Apart from the above listed attacks that may hinder the key management of CWSNs, the following actions will also danger the key management within CWSNs: brute forces, dictionary attack and monitoring attack. One example of this kind of attack is Differential Power Analysis (DPA) attack. The DPA attack can be used to target an unsuspecting victim either by using special equipment that measures electromagnetic signals emitted by chips inside the device or by attaching a sensor to the device's power supply.
4. Countermeasures in CWSN
According to Section 3 is very clear that CWSN face a dangerous problem in security. Several attacks could be adapted from WSN to the new paradigm of cognitive networks. In the last 10 years, some researches related with security on CRN have appeared. They related specific attacks against these networks but a few countermeasures are proposed. In this section, we show three different groups of countermeasures according to the specific characteristics of CWSN.
4.1. Based on geolocation
CR has it's origin in United States where an important problem with the spectrum occupancy becomes real. The main reason is that the access to the radio spectrum is ruled by a restrictive regulatory regime that emerged when the Radio Act of 1927 declared the "ether" to be a publicly owned resource. The goal of CR was to use the radio spectrum when base stations did not transmit.

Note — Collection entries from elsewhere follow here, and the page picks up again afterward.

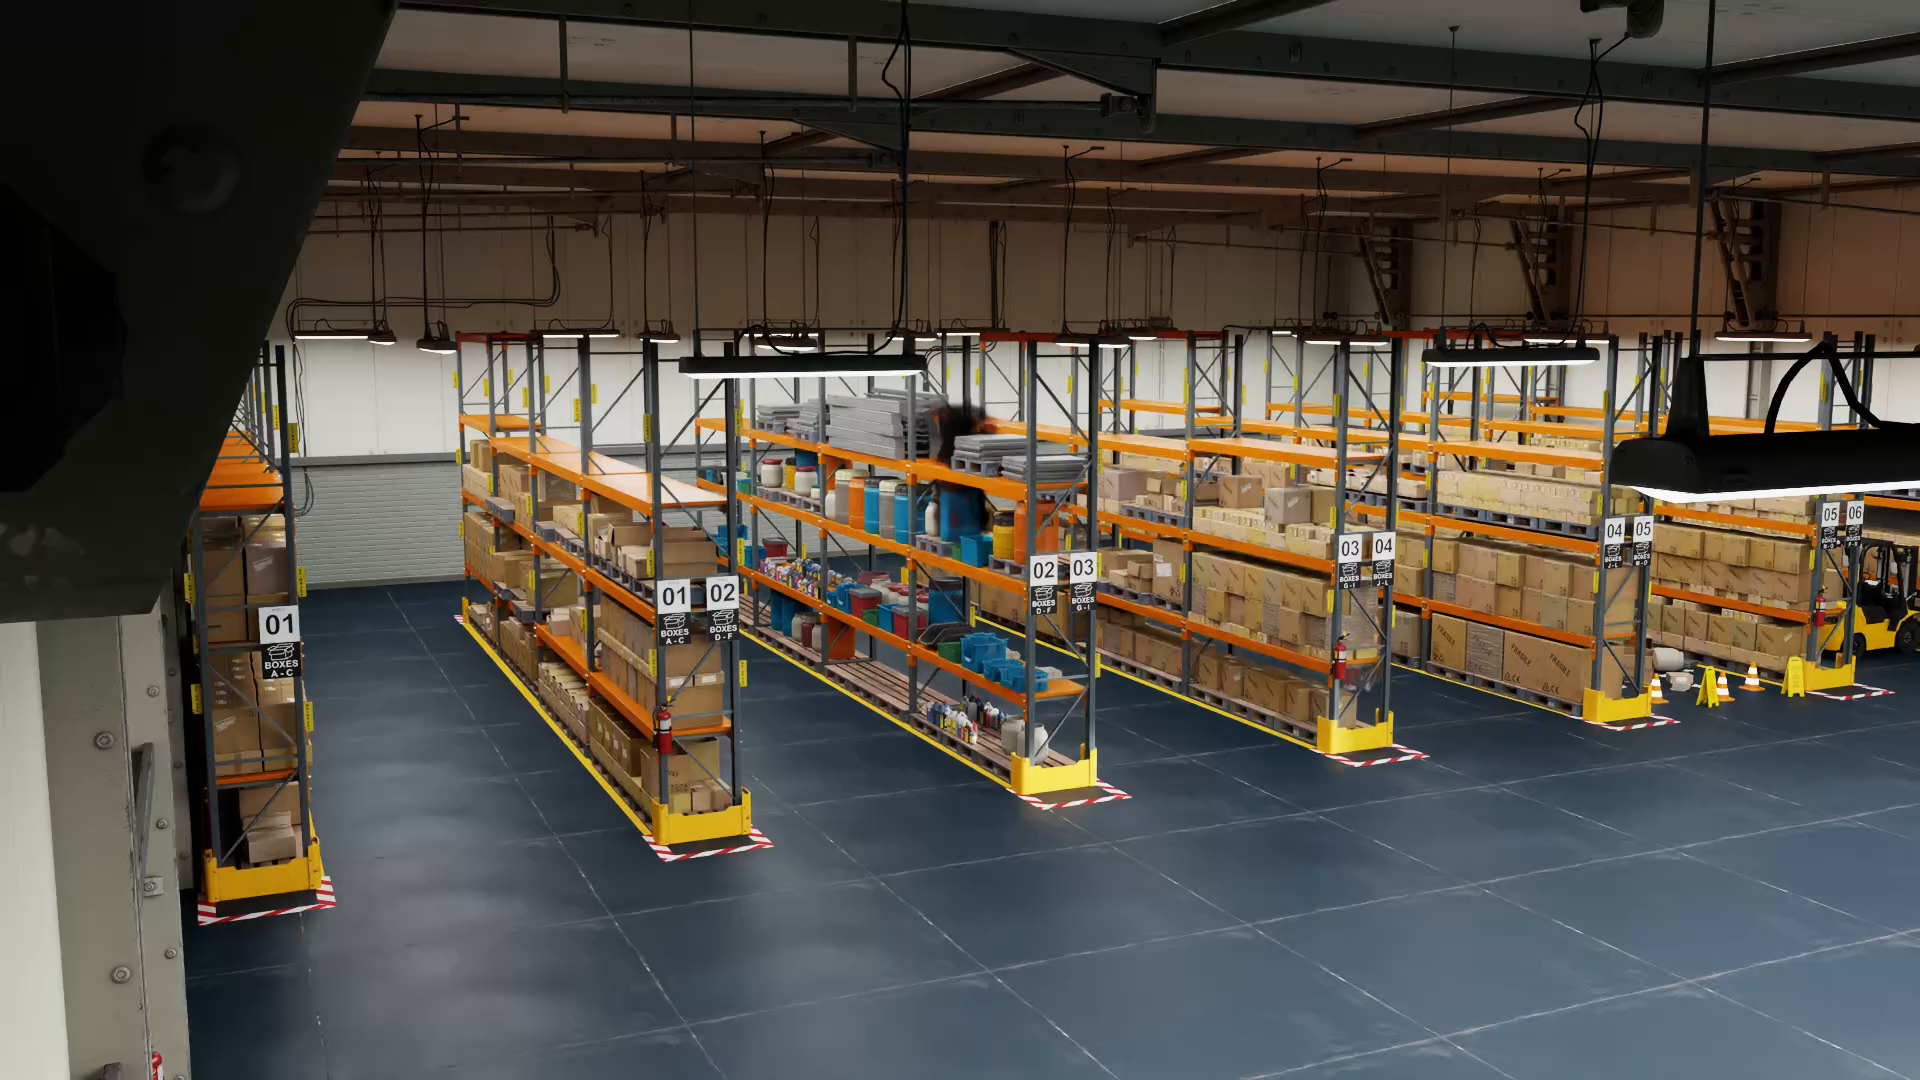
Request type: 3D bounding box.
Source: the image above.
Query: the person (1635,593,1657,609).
[{"bbox_3d":[14.186,1.031,33.953,0.644,1.539,1.159,-7,10,-42],"label":"person"}]

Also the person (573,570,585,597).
[{"bbox_3d":[-8.029,0.813,35.001,0.518,1.662,0.679,-5,9,-31],"label":"person"}]

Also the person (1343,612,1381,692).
[{"bbox_3d":[6.832,1.748,27.876,0.607,1.620,0.795,-5,9,-34],"label":"person"}]

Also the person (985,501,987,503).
[{"bbox_3d":[0.495,-0.076,41.238,0.726,1.817,0.748,-3,8,-21],"label":"person"}]

According to that, first real and simulated scenarios were static, with base stations making the role of PU and different devices like SU. If an attacker tries to emulate a PU the geolocation is an efficient method [18, 34]. For example, in  the authors assume that the attacker is close to the victim and the real PU is much far from the SU and the attacker. Moreover, the position of each node, including the attacker, is fixed. Assuming that, SU can learn about the characteristics of the spectrum according to the received power.

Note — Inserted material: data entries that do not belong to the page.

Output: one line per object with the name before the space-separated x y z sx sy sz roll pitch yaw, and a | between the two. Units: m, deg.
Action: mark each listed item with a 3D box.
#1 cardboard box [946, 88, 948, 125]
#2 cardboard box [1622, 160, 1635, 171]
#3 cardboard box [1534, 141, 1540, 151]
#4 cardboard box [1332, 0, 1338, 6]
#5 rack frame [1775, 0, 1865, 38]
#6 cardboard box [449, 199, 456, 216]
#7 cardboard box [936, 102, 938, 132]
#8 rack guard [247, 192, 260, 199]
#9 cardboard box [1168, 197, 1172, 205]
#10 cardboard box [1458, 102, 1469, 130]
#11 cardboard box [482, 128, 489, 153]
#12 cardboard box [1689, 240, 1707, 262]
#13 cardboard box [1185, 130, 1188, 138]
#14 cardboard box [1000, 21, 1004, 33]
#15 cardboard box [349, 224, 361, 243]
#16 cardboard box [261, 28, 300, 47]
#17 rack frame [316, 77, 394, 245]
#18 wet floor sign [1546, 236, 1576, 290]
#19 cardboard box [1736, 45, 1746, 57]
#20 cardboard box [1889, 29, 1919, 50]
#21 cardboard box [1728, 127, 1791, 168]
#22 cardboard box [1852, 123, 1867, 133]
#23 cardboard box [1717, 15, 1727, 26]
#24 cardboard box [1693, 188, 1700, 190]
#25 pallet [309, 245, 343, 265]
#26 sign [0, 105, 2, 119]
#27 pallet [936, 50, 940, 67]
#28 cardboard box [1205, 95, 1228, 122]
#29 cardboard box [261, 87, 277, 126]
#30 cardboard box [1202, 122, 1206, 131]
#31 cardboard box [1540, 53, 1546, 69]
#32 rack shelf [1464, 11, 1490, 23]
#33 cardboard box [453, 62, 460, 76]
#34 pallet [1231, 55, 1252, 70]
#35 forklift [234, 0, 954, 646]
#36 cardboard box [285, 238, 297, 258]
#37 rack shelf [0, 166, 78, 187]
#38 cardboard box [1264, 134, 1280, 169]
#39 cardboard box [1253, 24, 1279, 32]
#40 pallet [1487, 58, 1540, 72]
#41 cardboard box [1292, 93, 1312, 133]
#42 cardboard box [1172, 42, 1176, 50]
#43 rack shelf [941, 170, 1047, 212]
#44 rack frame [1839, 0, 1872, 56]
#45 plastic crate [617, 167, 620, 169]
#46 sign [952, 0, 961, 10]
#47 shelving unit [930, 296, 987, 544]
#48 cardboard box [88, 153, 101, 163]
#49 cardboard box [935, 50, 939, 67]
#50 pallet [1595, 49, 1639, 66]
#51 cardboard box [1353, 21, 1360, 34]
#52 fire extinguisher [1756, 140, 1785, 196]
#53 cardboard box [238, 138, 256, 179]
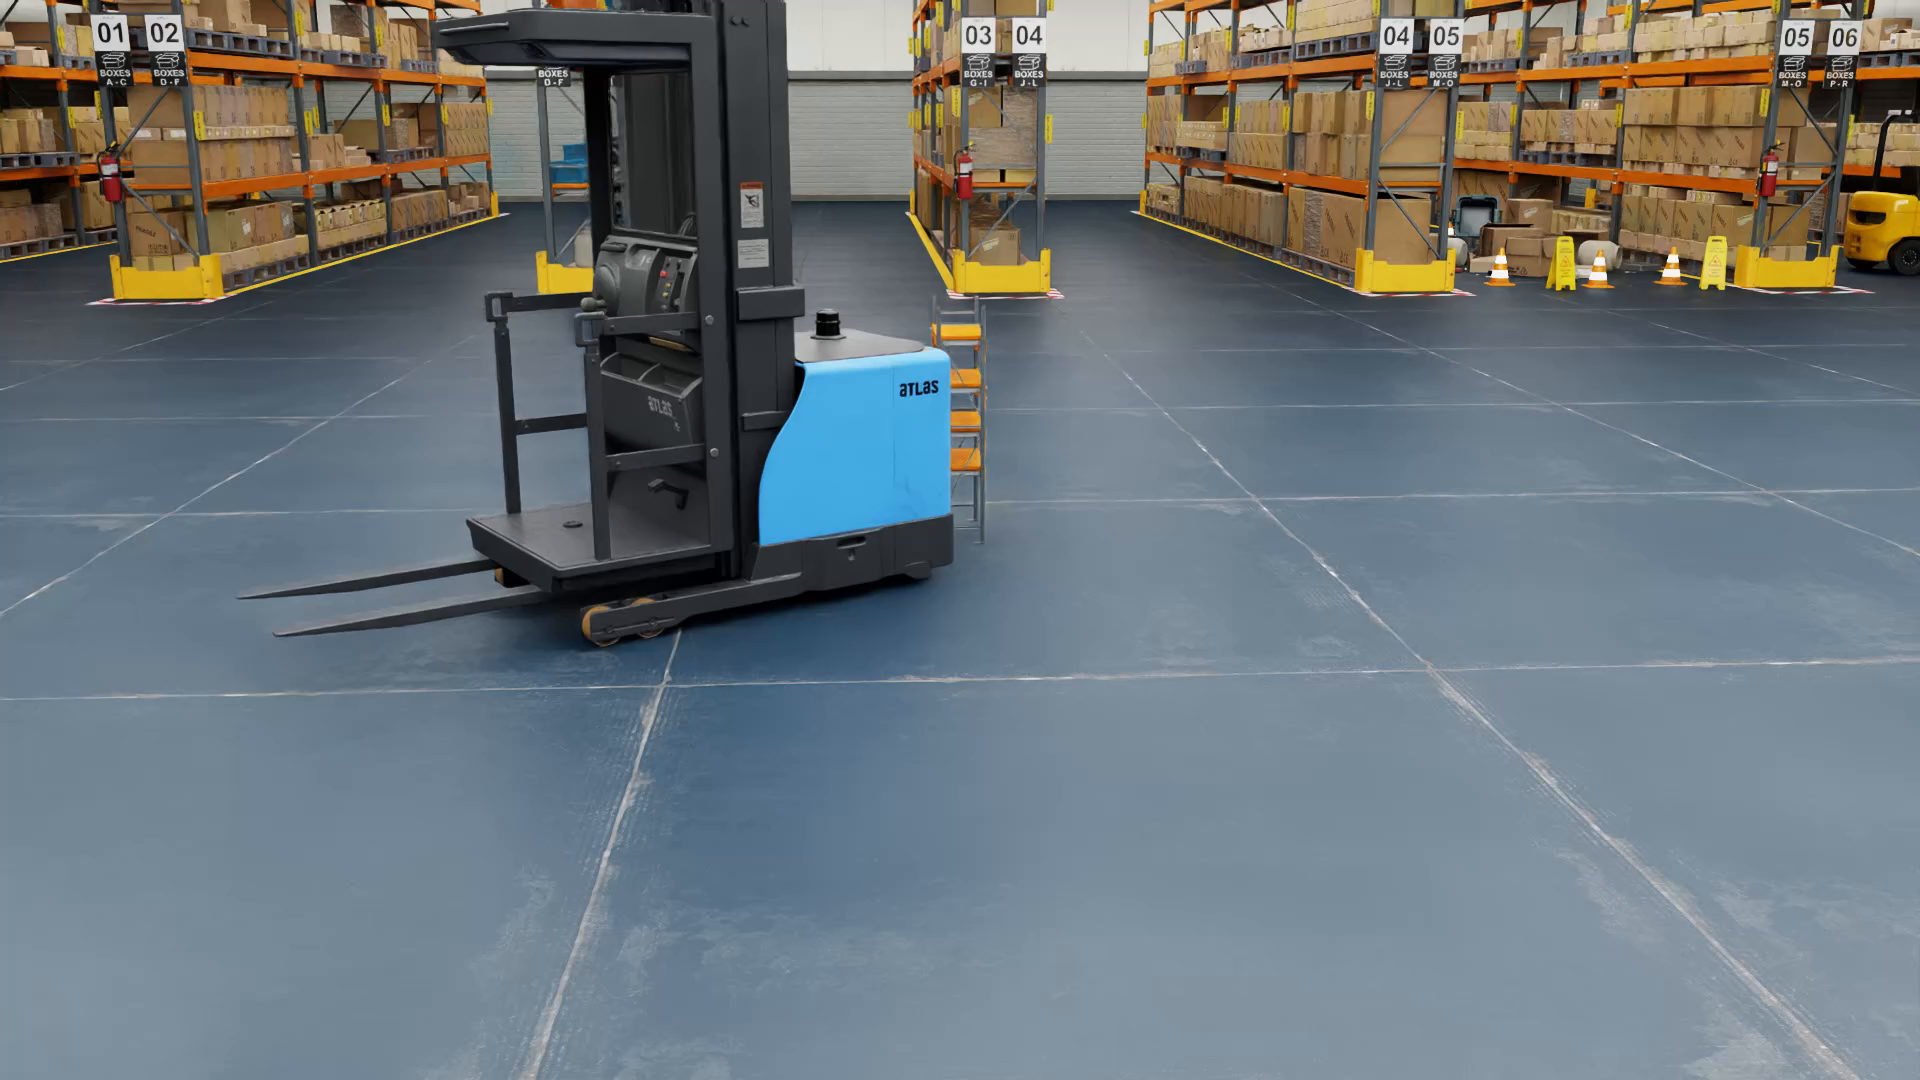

Geolocation countermeasure does not work for most of cases in CWSN scenarios, almost with the same approach that previous mentioned papers. In a regular WSN, nodes can change their location, even attackers can change it. In fact, attackers have in the movement a great advantage to not be detected.
Another disadvantage of node mobility related to security is that if we would like to monitor PU we need to sense continuously the spectrum to detect new locations. The continuous sensing reduces node batteries. Moreover, if the PU could be in any spatial point, its location is irrelevant for security. For example, a mobile phone with Wi-Fi could be a PU and this device could stay in any location. Others parameters should be observed to differentiate between PU and an attacker.
To conclude, if we want to use a countermeasure based on geolocation, some restriction should be defined. For example, restricted areas for attackers or fixed number of PU in the scenario.
4.2. Based on behaviour
In the same way that geolocation countermeasures, defences based on behaviour tries to modelling the PU . The model is used to look for differences between a PU and attackers.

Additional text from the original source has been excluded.